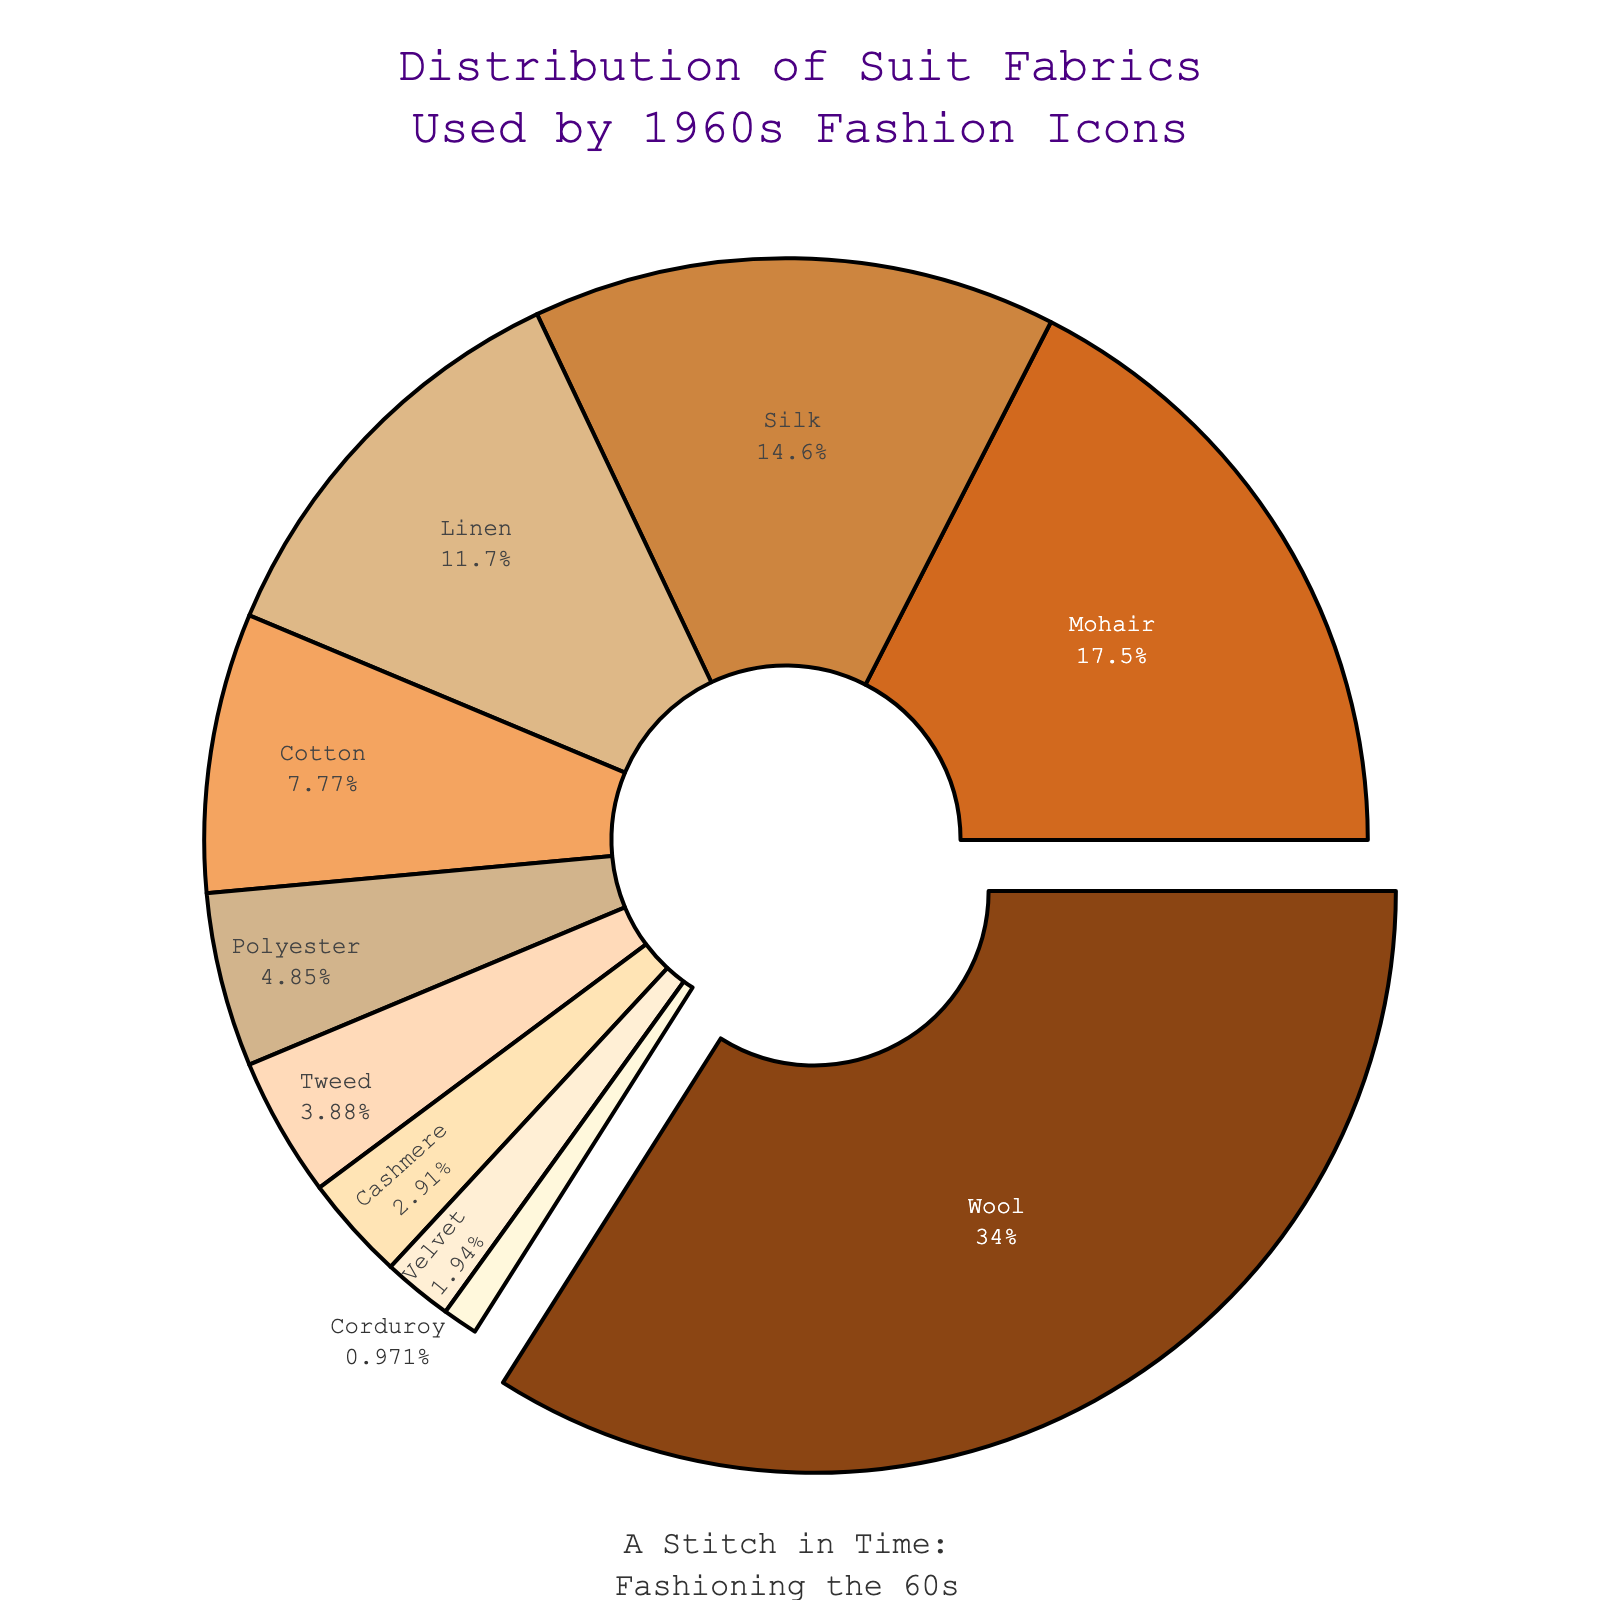What is the most commonly used fabric by fashion icons in the 1960s? The pie chart shows that the largest segment is "Wool," which is visually pulled out from the rest of the chart. This indicates that Wool has the highest percentage.
Answer: Wool What percentage of the suit fabrics is made up by the top two fabrics? The two largest segments are "Wool" (35%) and "Mohair" (18%). Adding these percentages together, 35 + 18 = 53.
Answer: 53% How many fabrics make up less than 10% each of the overall use? The pie chart segments for "Cotton" (8%), "Polyester" (5%), "Tweed" (4%), "Cashmere" (3%), "Velvet" (2%), and "Corduroy" (1%) all are less than 10%. Counting these, 6 fabrics have less than 10% each.
Answer: 6 Which fabric is used more: Silk or Linen? The pie chart shows that Silk has a slightly larger segment than Linen. Silk represents 15% whereas Linen represents 12%.
Answer: Silk What is the combined percentage of fabrics other than Wool, Mohair, and Silk? The total percentage for these three fabrics is Wool (35%) + Mohair (18%) + Silk (15%) = 68%. Subtracting this from 100%, we get 100 - 68 = 32%.
Answer: 32% Is Cashmere used more than Tweed? The pie chart shows that Tweed has a segment of 4%, while Cashmere has a smaller segment of 3%.
Answer: No What's the difference in usage percentage between Cotton and Polyester? The Cotton segment is 8%, and the Polyester segment is 5%. Subtracting these, 8 - 5 = 3%.
Answer: 3% What fabric makes up exactly 1% of the distribution? The pie chart shows a small segment labeled "Corduroy," which is listed as 1%.
Answer: Corduroy Which fabric segment is colored with the lightest shade visible? The pie chart shows that the "Corduroy" segment, which is 1%, appears in the lightest shade among all the segments.
Answer: Corduroy How much less popular is Velvet compared to Mohair? Velvet has a segment of 2%, while Mohair has a segment of 18%. Subtracting these, 18 - 2 = 16%.
Answer: 16% 
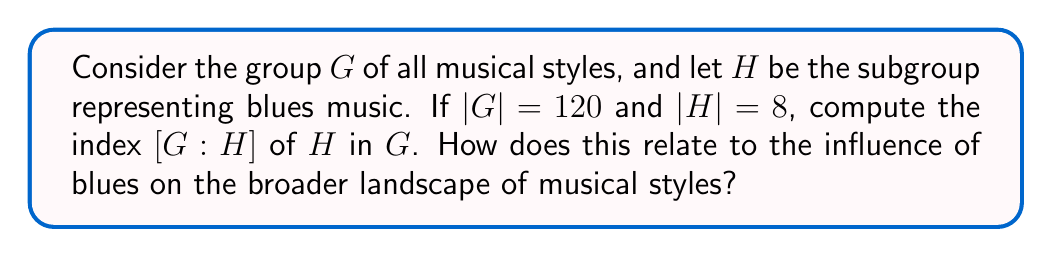What is the answer to this math problem? To solve this problem, we need to understand the concept of index in group theory and how it relates to our musical context:

1) In group theory, the index of a subgroup $H$ in a group $G$, denoted as $[G:H]$, is defined as the number of distinct left (or right) cosets of $H$ in $G$.

2) For finite groups, there's a fundamental theorem that relates the order of the group, the order of the subgroup, and the index:

   $$[G:H] = \frac{|G|}{|H|}$$

   Where $|G|$ is the order (number of elements) of group $G$, and $|H|$ is the order of subgroup $H$.

3) In our case:
   $|G| = 120$ (total number of musical styles)
   $|H| = 8$ (number of blues styles)

4) Applying the formula:

   $$[G:H] = \frac{|G|}{|H|} = \frac{120}{8} = 15$$

5) Interpretation in the context of music history:
   The index of 15 suggests that blues (represented by subgroup $H$) forms one of 15 distinct categories within the larger group of all musical styles. This mathematical relationship could be seen as a quantitative representation of how blues fits into and influences the broader musical landscape. Each of these 15 categories (cosets) could be thought of as a family of musical styles that are related to blues in some fundamental way, highlighting the far-reaching impact of blues on various genres of music.
Answer: The index $[G:H] = 15$ 
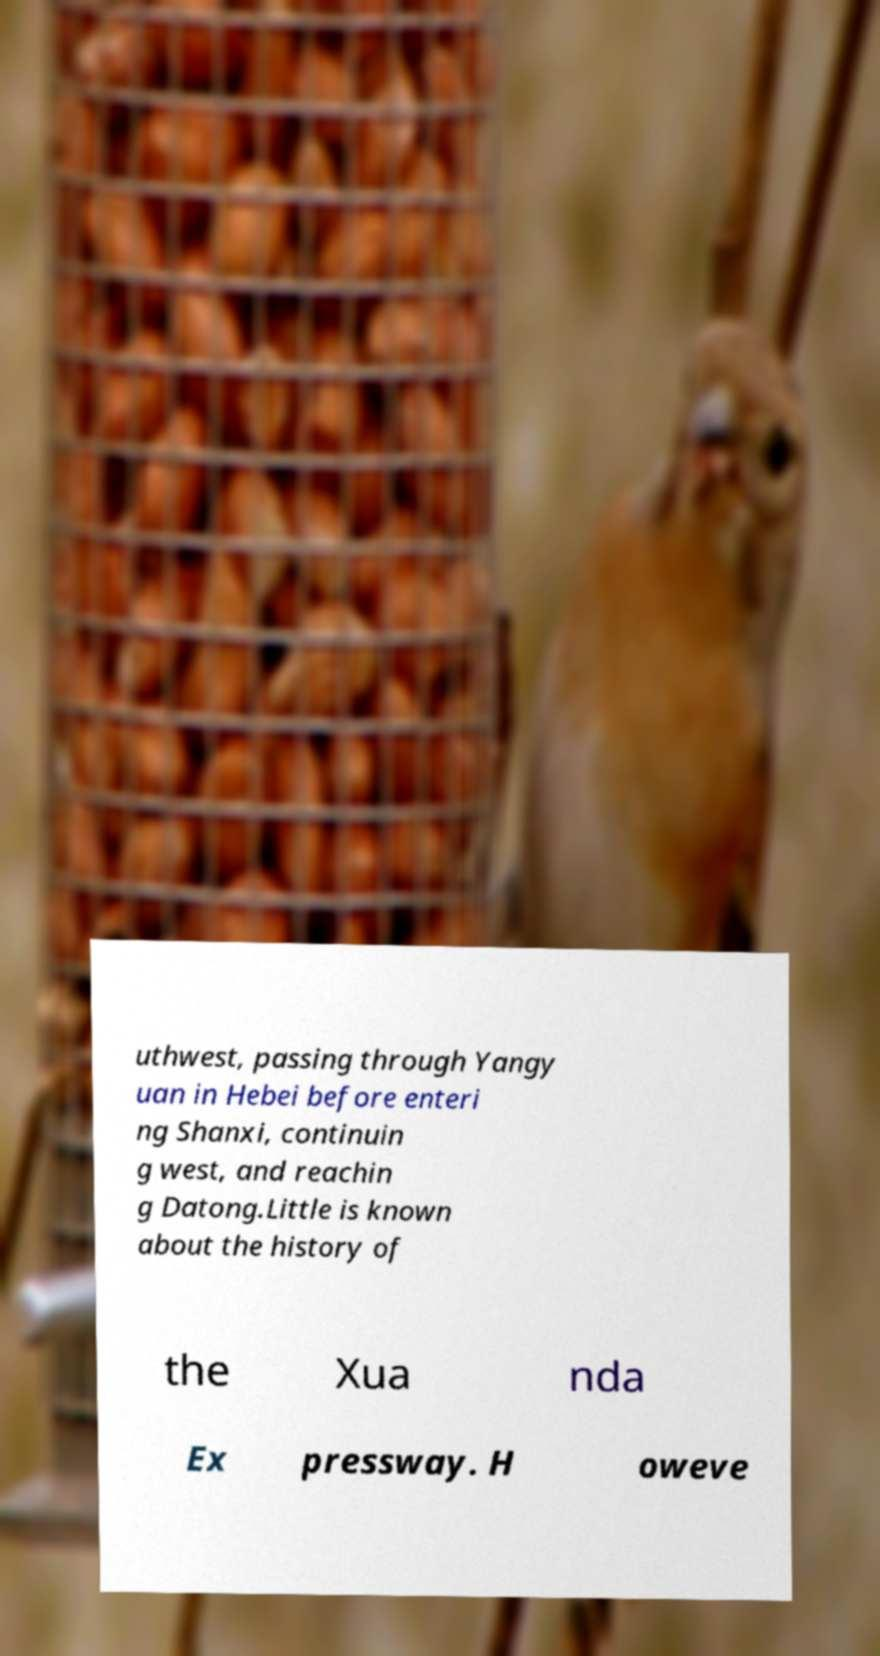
━━━━━━━━━━━━━━━━━━━━
* **AIM OF THE TASK**
Leave the pictures out, and copy exactly each line from the one containing "The index of 15" through the final line of the data.

* **ANSWER FOR THIS EXERCISE**
   The index of 15 suggests that blues (represented by subgroup $H$) forms one of 15 distinct categories within the larger group of all musical styles. This mathematical relationship could be seen as a quantitative representation of how blues fits into and influences the broader musical landscape. Each of these 15 categories (cosets) could be thought of as a family of musical styles that are related to blues in some fundamental way, highlighting the far-reaching impact of blues on various genres of music.
Answer: The index $[G:H] = 15$ 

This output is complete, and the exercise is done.